> **DESCRIPTION OF THE TASK**
Some lines in the listing below may include the string "threadIdx". How many are there? Give only the number.

> **INPUT**
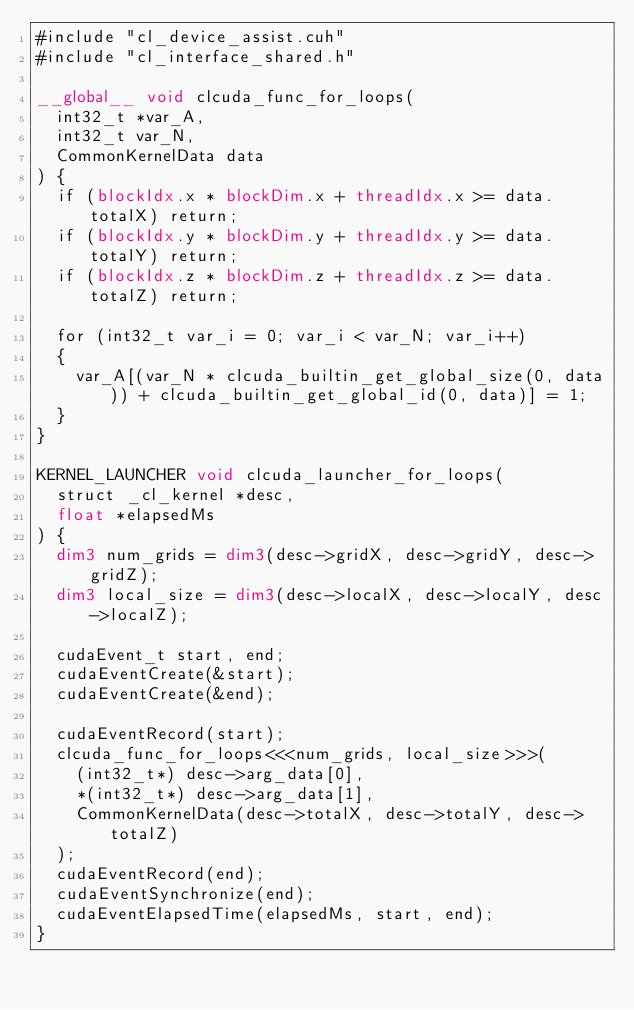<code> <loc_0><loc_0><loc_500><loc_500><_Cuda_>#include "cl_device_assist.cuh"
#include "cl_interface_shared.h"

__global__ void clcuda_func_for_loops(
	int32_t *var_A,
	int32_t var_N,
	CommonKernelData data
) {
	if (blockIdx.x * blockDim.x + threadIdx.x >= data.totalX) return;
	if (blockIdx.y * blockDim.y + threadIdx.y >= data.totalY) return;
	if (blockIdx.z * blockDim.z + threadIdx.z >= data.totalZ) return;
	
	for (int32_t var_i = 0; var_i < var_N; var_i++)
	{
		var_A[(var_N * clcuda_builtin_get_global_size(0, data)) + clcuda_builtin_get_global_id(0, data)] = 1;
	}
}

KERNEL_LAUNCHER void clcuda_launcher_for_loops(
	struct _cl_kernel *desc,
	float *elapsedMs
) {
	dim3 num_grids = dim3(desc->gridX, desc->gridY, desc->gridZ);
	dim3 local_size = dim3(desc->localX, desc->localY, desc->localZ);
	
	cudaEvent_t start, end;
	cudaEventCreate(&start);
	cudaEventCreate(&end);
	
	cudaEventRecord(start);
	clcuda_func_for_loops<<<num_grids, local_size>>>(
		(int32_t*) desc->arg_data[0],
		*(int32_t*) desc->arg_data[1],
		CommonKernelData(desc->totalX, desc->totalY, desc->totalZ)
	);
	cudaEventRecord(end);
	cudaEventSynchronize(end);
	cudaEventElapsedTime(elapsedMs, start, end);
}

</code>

--

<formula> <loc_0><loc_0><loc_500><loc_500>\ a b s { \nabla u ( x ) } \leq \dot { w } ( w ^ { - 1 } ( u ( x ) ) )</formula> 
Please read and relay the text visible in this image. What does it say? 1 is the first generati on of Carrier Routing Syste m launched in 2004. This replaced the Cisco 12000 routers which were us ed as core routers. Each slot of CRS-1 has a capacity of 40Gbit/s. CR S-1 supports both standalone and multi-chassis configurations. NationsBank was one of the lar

> **EXPECTED ANSWER**
3